Here, $c$ concentration of gas in the given solution, $\text{k}$ is the Henry’s law constant, and $P$ is the partial pressure of ${\text{CO}}_2$.

Substitute the values of $\text{k}$

and $P$

in the above equation:

$\begin{array}{l}[{\text{CO}}_2]=\left(0.032\text{ mol/L}\text{.}\cancel{\text{atm}}\right)\left(3.3\times {10}^{-4}\cancel{\text{atm}}\right)\\ [{\text{CO}}_2]=1.06\times {10}^{-5}\text{ mol/L}\end{array}$

Therefore, the concentration of ${\text{CO}}_2$ in water is $1.06\times {10}^{-5}\text{ mol/L}$.

Let all of the dissolved ${\text{CO}}_2$ get converted into carbonic acid and $1.06\times {10}^{-5}\text{ mol/L}$

of carbonic acid is formed.
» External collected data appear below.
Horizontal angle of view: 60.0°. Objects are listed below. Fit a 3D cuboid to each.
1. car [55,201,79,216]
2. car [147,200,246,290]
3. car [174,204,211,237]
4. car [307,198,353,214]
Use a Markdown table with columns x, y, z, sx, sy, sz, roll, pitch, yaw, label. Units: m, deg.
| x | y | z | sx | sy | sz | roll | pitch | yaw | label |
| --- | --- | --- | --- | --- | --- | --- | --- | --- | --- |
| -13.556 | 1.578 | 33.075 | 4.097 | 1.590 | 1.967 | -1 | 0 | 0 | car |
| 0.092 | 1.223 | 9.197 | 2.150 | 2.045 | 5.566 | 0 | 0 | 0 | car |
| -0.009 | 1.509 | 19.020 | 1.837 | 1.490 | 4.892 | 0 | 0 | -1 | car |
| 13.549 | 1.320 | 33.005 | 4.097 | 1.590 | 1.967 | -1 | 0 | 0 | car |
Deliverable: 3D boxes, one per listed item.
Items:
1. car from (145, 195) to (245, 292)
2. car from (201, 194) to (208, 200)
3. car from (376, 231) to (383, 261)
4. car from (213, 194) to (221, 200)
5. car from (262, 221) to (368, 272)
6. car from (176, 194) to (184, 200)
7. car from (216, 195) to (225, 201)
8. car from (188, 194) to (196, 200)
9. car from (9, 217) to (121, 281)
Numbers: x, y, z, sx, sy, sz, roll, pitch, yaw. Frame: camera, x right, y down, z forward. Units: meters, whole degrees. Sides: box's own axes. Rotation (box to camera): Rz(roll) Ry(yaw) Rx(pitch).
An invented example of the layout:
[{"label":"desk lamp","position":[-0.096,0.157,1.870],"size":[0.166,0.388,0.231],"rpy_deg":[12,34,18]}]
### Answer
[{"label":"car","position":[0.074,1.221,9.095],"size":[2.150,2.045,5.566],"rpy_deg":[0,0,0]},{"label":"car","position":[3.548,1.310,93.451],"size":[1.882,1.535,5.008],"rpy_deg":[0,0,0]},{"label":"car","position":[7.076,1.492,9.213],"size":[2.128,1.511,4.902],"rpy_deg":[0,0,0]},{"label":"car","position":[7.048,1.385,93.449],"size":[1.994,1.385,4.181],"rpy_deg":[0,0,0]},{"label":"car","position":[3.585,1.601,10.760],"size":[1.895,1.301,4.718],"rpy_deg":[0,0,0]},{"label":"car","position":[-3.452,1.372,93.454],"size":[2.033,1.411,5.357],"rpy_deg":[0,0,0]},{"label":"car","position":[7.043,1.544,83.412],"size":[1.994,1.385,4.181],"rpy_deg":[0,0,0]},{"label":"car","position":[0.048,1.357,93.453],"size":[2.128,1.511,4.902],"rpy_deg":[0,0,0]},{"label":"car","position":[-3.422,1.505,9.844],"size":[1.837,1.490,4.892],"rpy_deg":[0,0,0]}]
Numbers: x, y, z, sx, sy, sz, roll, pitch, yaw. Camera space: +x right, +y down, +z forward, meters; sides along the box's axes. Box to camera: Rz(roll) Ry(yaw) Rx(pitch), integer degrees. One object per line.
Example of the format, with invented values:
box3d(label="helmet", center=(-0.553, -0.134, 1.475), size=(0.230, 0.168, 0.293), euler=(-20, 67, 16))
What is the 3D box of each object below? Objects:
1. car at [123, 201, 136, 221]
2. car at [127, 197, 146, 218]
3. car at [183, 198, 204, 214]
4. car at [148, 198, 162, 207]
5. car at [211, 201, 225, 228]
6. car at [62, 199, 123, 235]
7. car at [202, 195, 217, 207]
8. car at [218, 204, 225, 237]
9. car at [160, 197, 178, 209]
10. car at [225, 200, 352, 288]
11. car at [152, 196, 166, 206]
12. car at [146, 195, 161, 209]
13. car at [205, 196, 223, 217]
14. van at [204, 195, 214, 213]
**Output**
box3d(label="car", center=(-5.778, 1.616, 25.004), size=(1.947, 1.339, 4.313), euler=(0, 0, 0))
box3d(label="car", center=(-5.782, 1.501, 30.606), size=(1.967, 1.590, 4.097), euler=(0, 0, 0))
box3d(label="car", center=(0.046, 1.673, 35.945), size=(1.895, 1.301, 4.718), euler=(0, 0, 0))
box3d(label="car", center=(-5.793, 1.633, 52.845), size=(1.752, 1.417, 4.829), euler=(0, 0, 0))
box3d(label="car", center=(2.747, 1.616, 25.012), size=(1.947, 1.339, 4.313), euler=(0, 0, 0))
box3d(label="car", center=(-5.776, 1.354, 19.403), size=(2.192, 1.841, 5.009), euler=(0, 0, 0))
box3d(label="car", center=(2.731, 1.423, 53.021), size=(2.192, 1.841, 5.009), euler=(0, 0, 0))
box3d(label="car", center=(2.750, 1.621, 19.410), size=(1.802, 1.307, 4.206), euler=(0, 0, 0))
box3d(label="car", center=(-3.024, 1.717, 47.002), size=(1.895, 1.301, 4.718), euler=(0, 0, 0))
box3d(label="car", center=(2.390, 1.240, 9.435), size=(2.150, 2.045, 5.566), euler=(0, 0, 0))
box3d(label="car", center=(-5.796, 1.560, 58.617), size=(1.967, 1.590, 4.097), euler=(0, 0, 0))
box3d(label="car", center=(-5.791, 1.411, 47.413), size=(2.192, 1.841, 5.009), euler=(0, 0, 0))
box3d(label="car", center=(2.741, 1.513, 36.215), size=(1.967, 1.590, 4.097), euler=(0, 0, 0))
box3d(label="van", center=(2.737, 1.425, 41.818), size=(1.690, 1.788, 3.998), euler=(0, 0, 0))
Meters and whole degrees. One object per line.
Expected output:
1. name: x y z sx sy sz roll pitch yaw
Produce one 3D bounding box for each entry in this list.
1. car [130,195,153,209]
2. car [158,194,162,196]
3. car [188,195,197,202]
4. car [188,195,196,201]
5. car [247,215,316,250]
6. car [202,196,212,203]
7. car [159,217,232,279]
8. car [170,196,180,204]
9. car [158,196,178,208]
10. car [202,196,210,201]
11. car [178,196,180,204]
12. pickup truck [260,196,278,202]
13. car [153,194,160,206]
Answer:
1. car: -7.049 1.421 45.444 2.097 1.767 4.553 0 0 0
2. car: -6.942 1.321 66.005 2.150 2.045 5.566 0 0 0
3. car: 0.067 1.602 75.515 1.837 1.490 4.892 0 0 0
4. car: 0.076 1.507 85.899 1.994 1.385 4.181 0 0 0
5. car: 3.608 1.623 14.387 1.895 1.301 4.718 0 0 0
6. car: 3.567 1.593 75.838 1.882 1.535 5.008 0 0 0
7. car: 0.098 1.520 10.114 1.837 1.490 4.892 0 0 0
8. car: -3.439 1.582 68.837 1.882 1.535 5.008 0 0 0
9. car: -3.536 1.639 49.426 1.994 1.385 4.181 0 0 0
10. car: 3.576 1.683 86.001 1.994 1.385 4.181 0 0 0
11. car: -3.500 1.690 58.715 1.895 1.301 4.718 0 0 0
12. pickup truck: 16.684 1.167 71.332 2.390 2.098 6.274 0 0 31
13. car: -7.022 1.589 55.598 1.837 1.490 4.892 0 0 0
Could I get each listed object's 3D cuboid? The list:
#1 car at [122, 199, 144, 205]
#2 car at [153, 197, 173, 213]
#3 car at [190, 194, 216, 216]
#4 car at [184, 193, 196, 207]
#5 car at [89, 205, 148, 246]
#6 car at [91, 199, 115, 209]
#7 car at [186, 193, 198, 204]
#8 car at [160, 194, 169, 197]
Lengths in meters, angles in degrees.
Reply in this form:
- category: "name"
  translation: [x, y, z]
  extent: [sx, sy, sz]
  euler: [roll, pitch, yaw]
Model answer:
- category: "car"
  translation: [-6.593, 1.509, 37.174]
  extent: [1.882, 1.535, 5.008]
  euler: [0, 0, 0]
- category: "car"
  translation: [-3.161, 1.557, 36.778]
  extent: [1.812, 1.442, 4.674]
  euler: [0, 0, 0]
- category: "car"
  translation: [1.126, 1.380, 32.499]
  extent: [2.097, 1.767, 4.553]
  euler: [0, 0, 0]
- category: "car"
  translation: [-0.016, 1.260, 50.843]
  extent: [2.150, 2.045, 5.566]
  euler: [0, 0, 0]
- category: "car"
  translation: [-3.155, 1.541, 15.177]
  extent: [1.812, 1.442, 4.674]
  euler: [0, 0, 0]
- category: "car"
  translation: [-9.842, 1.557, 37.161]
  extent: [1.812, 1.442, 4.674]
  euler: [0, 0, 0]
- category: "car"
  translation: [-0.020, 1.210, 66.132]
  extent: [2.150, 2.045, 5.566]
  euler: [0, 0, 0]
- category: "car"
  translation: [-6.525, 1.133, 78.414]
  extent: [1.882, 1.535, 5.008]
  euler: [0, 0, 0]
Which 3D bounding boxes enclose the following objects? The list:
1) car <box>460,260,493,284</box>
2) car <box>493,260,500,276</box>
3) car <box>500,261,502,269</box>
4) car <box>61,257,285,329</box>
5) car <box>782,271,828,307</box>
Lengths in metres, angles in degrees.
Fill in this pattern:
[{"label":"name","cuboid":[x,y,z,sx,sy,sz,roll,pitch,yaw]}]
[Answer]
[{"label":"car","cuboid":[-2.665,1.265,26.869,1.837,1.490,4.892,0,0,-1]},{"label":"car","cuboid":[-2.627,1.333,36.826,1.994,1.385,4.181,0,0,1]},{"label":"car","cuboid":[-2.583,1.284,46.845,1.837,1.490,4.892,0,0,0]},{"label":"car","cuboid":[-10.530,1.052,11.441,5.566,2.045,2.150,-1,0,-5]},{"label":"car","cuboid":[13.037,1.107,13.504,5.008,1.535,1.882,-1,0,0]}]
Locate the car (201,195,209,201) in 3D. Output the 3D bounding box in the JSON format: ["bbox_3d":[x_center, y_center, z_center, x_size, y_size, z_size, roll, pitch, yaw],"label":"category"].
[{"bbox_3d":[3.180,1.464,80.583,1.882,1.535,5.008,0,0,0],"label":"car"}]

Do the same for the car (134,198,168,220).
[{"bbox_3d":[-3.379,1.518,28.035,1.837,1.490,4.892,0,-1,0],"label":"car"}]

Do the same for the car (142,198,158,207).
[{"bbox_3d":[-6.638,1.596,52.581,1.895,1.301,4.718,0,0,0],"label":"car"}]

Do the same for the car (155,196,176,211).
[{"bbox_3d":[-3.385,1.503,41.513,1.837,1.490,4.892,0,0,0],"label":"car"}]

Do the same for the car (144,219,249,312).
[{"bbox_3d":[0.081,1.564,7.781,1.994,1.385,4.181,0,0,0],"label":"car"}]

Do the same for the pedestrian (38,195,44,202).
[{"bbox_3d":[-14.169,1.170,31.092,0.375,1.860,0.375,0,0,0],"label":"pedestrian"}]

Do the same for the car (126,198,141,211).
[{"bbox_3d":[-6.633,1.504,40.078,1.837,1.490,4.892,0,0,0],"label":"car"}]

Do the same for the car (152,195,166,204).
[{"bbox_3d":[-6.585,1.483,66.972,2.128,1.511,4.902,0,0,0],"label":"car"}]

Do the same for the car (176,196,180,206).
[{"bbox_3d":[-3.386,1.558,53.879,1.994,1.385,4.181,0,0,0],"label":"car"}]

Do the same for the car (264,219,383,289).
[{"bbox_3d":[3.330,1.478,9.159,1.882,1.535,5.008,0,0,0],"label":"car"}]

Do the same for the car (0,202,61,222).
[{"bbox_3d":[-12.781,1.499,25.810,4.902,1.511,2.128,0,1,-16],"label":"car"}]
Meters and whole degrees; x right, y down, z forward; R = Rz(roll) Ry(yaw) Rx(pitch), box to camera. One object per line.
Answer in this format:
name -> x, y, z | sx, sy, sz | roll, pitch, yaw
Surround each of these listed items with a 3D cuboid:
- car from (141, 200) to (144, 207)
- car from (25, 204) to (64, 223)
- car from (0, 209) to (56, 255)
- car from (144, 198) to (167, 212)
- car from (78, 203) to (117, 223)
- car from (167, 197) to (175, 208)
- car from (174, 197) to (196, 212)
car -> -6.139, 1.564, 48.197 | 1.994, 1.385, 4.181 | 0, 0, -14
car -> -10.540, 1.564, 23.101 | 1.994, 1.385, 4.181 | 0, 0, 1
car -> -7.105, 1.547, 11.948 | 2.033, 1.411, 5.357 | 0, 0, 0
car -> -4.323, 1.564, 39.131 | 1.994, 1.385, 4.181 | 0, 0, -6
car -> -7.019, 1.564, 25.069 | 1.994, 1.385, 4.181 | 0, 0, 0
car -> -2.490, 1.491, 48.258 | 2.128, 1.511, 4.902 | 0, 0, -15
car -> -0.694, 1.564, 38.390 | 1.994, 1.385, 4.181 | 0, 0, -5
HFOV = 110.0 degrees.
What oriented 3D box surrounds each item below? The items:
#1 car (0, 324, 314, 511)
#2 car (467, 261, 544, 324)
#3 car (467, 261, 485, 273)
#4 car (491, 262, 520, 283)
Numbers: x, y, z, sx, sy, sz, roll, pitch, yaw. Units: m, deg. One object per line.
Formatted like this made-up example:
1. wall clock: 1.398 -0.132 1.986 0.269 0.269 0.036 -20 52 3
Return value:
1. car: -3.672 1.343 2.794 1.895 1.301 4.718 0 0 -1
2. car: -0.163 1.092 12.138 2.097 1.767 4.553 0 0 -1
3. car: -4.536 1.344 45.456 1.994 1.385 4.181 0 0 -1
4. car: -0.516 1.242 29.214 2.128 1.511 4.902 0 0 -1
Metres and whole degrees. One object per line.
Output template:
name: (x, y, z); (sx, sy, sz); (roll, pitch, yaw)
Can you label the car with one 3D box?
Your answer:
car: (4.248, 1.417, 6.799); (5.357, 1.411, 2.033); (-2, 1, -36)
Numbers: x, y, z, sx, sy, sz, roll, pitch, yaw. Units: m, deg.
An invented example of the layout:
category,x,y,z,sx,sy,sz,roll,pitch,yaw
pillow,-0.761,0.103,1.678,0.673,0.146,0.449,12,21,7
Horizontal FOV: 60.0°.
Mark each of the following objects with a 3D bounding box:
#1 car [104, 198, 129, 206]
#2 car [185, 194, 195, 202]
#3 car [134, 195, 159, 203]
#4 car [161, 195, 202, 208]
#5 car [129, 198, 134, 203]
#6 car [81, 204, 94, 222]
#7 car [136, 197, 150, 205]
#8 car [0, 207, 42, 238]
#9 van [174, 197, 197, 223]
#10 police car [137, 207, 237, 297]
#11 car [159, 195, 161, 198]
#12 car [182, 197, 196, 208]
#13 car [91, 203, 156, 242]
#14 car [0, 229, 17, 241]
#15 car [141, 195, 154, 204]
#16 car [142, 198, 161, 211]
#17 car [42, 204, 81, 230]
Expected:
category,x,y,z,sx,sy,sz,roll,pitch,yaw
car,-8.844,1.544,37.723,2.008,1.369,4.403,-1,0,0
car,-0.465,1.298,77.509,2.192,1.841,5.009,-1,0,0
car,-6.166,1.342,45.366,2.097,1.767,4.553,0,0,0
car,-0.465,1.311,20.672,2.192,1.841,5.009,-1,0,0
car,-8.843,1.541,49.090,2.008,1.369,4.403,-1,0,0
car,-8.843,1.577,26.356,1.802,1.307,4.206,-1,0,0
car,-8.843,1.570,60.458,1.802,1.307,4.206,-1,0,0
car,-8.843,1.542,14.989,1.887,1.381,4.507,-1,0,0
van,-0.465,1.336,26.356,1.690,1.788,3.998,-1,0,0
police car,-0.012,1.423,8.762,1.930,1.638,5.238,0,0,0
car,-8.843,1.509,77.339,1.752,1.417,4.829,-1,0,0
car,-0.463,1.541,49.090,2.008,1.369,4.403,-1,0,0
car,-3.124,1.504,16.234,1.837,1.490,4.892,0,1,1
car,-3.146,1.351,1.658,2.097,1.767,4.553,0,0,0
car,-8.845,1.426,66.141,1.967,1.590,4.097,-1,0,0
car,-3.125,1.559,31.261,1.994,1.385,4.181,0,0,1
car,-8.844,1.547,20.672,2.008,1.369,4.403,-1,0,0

Carbonic acid is a weak acid.

The equilibrium expression for carbonic acid in water is as follows:

$\begin{array}{l}\underset{\_}{\begin{array}{l}{\text{ H}}_2{\text{CO}}_3\left(aq\right)\rightleftharpoons {\text{ H}}^{+}\left(aq\right)+{\text{ HCO}}_3^{-}\left(aq\right)\\ \text{Initial}\left(\text{M}\right):\text{ 1}\text{.06}\times {\text{10}}^{-5}\text{ 0 0}\\ \text{Change}\left(\text{M}\right):-x+x+x\end{array}}\\ \text{Equilibrium}\left(\text{M}\right):\left(1.6\times {10}^{-5}\right)-xxx\end{array}$

The equilibrium constant is $4.2\times {10}^{-7}$ (from table $16.8$

).

The $[{\text{H}}^{+}]$ is calculated with the help of equilibrium constant, as follows:

$K=\frac{[{\text{H}}^{+}][{\text{HCO}}_3^{-}]}{[{\text{H}}_2{\text{CO}}_3]}$

Substitute the values of equilibrium concentration in the above equation:

$4.2\times {10}^{-7}=\frac{x^2}{\left(1.06\times {10}^{-5}\right)-x}$

This is a quadratic equation, by solving:

$\begin{array}{c}x=1.9\times {10}^{-6}\text{ M}\\ {\text{[H}}^{+}]=1.9\times {10}^{-6}\text{ M}\\ \text{pH }=-\text{log}\left(1.9\times {10}^{-6}\right)\\ \text{pH}=5.72\end{array}$

Conclusion

The pH of water at equilibrium is $5.72$.